*The task:*
Repeat, please, exactly the lines from the one that has "The image spans 67.6° horizontally." through the end of the records below, with pictures dropped.

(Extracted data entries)

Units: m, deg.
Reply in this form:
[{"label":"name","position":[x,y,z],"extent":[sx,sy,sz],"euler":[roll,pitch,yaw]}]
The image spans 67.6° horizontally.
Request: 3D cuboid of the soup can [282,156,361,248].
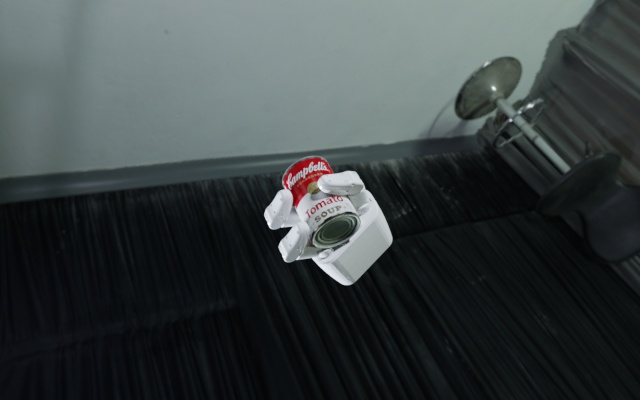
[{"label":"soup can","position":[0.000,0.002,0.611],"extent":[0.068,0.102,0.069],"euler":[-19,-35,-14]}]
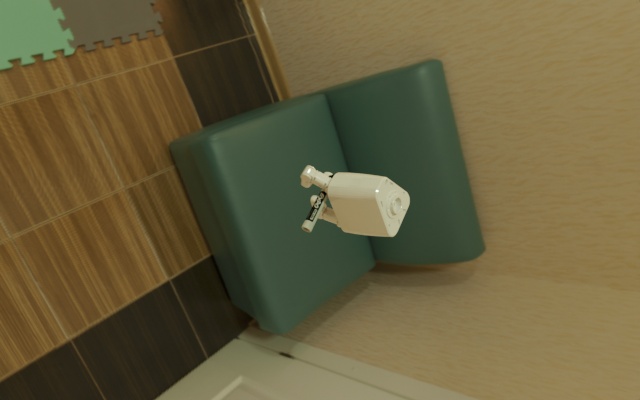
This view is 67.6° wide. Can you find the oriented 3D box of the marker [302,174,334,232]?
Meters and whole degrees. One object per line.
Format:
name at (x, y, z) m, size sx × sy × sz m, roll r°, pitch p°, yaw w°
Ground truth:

*Solution to this problem:*
The image spans 67.6° horizontally.
Request: 3D cuboid of the soup can [282,156,361,248].
[{"label":"soup can","position":[0.000,0.002,0.611],"extent":[0.068,0.102,0.069],"euler":[-19,-35,-14]}]
This view is 67.6° wide. Can you find the oriented 3D box of the marker [302,174,334,232]?
Meters and whole degrees. One object per line.
Format:
name at (x, y, z) m, size sx × sy × sz m, roll r°, pitch p°, yaw w°
Ground truth:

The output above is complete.